Anuhya Bhaskara, research and development manager for Amelia Bay Beverage Systems, Suwanee, Ga., also points to the myriad functional benefits that coffee and tea ingredients could bring to dairy products.
“Coffees, teas and tisanes have been heavily researched in the nutraceutical world for their cholesterol-reducing, anti-inflammatory, cognitive-boosting, cytoprotective, neuroprotective, immunoprotective, anticarcinogenic, anti-atherosclerotic, antioxidant, cardiovascular-health-promoting and sleep-inducing properties,” she explains.
In addition, coffee and tea ingredients tap into another wellness trend: sugar reduction, says Caputo. They can allow processors to create indulgent products with less sugar.
“Where standard energy drinks are typically high in sugar and other undesirable ingredients, dairy products that utilize tea and coffee ingredients can offer consumers an alternate option,” he adds.
Using coffee/tea ingredients can play into consumers’ desire to try new flavors and international varieties, says Brian Lippert, applications specialist, R&D for Mother Murphy’s. He’s seen milk combined with chai tea, bubble tea and English teas to add “international flair.”

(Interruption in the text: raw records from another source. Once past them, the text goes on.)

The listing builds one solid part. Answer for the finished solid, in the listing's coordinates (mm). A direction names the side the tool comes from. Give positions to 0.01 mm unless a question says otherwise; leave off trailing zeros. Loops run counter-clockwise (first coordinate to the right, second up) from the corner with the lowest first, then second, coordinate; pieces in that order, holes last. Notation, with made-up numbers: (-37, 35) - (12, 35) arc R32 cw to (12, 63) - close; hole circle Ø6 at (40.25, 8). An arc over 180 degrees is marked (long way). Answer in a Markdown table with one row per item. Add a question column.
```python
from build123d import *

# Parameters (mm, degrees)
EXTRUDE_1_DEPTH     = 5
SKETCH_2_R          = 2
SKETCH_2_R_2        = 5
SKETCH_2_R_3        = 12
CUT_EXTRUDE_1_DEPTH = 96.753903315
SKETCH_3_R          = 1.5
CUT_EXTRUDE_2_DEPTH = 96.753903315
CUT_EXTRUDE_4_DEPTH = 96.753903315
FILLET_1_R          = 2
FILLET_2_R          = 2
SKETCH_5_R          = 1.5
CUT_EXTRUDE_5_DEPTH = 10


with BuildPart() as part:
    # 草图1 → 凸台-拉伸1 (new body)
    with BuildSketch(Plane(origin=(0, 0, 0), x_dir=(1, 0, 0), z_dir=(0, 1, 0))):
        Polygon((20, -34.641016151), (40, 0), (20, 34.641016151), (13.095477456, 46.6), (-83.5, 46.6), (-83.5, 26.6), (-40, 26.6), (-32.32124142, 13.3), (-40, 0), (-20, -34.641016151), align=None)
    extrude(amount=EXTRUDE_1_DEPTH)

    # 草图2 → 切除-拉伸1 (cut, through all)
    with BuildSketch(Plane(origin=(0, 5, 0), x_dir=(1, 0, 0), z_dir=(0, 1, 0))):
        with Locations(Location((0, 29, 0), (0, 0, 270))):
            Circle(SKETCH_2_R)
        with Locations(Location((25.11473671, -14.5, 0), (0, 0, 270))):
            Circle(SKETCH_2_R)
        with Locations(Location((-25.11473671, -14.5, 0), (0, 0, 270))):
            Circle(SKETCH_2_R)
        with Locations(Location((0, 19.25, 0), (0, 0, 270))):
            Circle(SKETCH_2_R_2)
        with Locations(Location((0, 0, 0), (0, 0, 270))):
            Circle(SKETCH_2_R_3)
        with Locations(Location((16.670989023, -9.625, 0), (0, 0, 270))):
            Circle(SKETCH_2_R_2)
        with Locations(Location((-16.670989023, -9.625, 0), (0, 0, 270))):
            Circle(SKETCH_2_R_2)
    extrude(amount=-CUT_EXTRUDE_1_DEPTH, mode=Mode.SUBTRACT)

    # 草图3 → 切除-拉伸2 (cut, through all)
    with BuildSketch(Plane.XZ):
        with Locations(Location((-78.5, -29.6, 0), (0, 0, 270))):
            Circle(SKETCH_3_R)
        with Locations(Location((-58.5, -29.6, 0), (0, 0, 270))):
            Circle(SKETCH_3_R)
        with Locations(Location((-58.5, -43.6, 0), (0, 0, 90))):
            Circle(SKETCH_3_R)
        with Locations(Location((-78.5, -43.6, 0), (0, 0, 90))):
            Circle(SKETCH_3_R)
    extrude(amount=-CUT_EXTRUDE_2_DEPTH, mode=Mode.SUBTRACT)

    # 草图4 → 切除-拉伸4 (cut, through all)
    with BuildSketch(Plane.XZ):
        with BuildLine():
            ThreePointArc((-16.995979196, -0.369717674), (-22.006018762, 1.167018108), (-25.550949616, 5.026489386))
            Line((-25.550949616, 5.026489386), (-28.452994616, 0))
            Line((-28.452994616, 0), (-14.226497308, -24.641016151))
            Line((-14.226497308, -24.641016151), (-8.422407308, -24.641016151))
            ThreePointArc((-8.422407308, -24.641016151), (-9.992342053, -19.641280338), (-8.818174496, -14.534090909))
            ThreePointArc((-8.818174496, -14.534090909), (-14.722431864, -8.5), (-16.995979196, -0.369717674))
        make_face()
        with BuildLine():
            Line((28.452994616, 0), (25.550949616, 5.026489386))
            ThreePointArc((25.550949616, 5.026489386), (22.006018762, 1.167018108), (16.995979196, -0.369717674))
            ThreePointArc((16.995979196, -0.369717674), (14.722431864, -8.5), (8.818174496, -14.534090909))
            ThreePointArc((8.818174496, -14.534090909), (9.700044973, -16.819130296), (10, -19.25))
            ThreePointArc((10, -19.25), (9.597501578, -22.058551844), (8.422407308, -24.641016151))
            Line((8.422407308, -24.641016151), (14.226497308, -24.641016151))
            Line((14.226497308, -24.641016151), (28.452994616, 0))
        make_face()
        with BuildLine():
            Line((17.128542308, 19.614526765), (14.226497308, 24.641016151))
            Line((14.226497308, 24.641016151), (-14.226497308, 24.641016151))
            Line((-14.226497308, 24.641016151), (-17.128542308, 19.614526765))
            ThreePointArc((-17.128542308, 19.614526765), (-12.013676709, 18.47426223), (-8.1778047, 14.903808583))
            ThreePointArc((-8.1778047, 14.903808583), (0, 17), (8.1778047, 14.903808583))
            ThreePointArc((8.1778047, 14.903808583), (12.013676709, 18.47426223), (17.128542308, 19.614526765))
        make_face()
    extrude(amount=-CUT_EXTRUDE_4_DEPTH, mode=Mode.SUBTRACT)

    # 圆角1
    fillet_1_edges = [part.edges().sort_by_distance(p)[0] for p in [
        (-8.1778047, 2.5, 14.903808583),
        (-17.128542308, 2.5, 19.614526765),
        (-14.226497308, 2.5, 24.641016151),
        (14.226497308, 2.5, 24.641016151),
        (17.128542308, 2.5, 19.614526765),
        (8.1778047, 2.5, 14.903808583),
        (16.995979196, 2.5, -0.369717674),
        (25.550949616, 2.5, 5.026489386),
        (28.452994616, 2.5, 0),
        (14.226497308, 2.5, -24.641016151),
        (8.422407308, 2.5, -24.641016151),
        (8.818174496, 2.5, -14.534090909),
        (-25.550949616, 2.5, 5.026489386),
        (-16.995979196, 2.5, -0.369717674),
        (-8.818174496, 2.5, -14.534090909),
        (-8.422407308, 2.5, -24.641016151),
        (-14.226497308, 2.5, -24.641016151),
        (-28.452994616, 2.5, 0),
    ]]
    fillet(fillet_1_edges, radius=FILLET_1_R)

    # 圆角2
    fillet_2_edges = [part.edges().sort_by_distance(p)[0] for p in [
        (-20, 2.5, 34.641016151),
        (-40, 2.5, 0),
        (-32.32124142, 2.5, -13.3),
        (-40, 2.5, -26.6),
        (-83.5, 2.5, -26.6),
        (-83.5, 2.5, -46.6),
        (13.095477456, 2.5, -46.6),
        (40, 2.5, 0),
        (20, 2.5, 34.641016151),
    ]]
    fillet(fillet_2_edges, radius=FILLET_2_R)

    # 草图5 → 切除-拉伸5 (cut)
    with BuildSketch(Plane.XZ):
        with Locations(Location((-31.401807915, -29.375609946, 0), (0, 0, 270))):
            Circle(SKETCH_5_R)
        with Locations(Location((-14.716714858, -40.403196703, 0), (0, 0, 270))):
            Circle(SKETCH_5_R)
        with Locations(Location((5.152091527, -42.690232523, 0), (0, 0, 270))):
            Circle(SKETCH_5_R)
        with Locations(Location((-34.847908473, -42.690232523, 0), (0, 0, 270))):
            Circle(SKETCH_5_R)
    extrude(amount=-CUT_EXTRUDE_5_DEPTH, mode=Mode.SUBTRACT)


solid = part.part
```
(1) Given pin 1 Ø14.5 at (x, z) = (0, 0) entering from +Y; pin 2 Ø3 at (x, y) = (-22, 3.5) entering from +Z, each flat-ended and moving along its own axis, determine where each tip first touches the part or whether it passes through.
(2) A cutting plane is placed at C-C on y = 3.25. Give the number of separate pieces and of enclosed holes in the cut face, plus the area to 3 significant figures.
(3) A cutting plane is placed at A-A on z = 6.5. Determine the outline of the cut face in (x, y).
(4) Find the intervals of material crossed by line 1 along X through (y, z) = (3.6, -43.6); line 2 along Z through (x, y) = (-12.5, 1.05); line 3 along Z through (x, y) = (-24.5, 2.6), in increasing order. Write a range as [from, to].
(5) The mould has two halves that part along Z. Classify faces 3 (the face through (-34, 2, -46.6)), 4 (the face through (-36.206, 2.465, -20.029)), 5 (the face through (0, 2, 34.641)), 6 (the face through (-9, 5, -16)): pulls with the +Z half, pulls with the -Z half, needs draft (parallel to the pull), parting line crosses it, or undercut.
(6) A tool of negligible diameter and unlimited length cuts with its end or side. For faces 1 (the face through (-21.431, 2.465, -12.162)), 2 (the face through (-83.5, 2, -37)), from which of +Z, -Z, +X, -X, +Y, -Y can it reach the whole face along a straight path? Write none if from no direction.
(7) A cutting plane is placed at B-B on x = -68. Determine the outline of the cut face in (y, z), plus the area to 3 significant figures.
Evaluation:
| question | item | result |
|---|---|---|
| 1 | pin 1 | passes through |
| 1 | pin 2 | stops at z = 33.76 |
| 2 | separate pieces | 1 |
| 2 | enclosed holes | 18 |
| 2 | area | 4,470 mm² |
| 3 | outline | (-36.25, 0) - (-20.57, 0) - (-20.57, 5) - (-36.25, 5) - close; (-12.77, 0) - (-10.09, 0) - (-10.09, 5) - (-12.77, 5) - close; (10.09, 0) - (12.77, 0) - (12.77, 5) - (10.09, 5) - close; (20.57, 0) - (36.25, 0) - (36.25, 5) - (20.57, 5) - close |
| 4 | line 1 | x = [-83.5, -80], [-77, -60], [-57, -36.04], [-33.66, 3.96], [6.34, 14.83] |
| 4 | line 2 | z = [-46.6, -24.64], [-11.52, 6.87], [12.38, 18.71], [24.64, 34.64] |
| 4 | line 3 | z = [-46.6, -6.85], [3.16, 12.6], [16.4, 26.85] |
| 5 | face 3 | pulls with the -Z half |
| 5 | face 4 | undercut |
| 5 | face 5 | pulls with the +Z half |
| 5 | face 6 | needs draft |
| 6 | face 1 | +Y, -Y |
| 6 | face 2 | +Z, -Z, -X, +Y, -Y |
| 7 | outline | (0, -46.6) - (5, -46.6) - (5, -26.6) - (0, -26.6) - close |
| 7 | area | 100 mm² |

“Consumers love and seek out unique taste experiences, which are extremely prevalent in the coffee, tea and dairy spaces with new, creative concepts appearing on shelves frequently,” Caputo adds. “When these categories converge, consumers tend to pay attention.”
Adding coffee or tea ingredients to dairy could also make the products carry a more “adult” flavor profile, Maiocchi points out.
“By adding coffee or tea to dairy products, it turns milk into a beverage adults want to consume,” she says.
To this end, RTD lattes are another big area of growth for both dairy and coffee.
“The dairy not only provides richness, but [it] also helps mellow out the astringency and bitterness that comes from tea and coffee,” says Julia Decruz, director of R&D and innovation for Prova Inc, Danvers, Mass.
For its part, Prova recently debuted a line of shelf-stable extracts. Decruz says the ingredients are “well-suited to fit any of product range such as RTD beverages, creamers and frozen desserts.”
Pay attention to formulation concerns
Processors that opt to include a coffee/tea extract will need to watch out for potential formulation issues resulting from the acidity of these products, however, notes Maiocchi.
The ingredients could add “extra acidity to nonacidic dairy bases,” which could cause curdling in certain products, Lippert says.
“Yogurt can handle additional acid better than ice cream can,” he adds.
And processors should take care to use flavors or extracts instead of formulating with coffee and tea beverages themselves, Decruz emphasizes. This is because coffee and tea can develop sour notes over time.
“Using flavors and extracts [with] your products not only enhances the flavor and provides better flavor impact; they will also provide much longer flavor stability and extend the shelf life of your finished product,” she notes.
Using flavors/extracts instead of actual coffee and tea is especially important when manufacturing ice cream, says Decruz. That’s because grinds “can get caught in the plate heat exchanger and/or homogenizer.”
And if processors want to use a coffee extract in their formulations, they should opt for one with a buffering agent.
“This is to prevent the dairy proteins from precipitating when adding the extracts,” Decruz explains.